Aim of the task -> Could you output the whole listing exactly as it stands, minus any images?

==== Extracted entries ====

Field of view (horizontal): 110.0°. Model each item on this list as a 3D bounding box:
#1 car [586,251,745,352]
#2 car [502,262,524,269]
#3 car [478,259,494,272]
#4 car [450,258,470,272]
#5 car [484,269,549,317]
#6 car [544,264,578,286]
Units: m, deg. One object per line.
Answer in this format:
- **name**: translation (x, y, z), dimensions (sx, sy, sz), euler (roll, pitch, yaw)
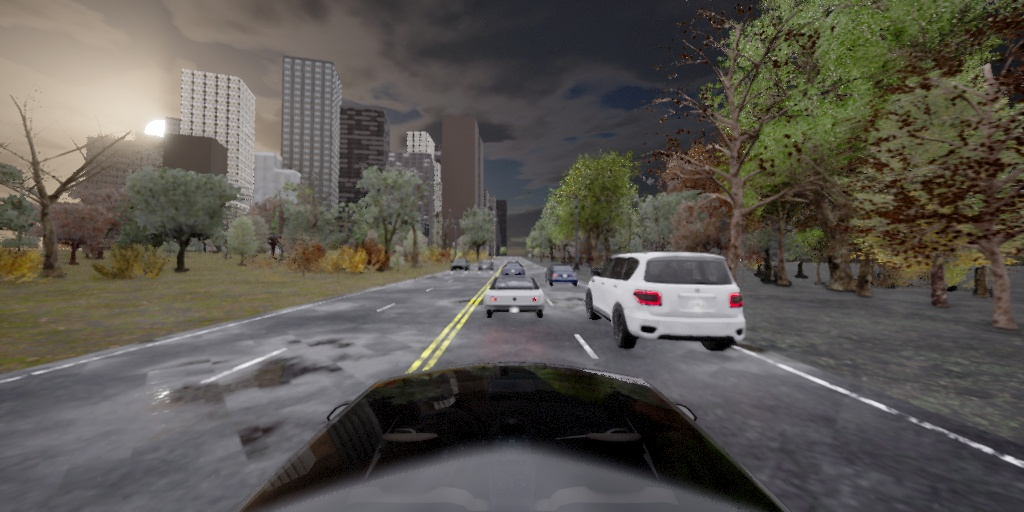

====

Exercise answer ->
Field of view (horizontal): 110.0°. Model each item on this list as a 3D bounding box:
#1 car [586,251,745,352]
#2 car [502,262,524,269]
#3 car [478,259,494,272]
#4 car [450,258,470,272]
#5 car [484,269,549,317]
#6 car [544,264,578,286]
Units: m, deg. One object per line.
Answer in this format:
- **name**: translation (x, y, z), dimensions (sx, sy, sz), euler (roll, pitch, yaw)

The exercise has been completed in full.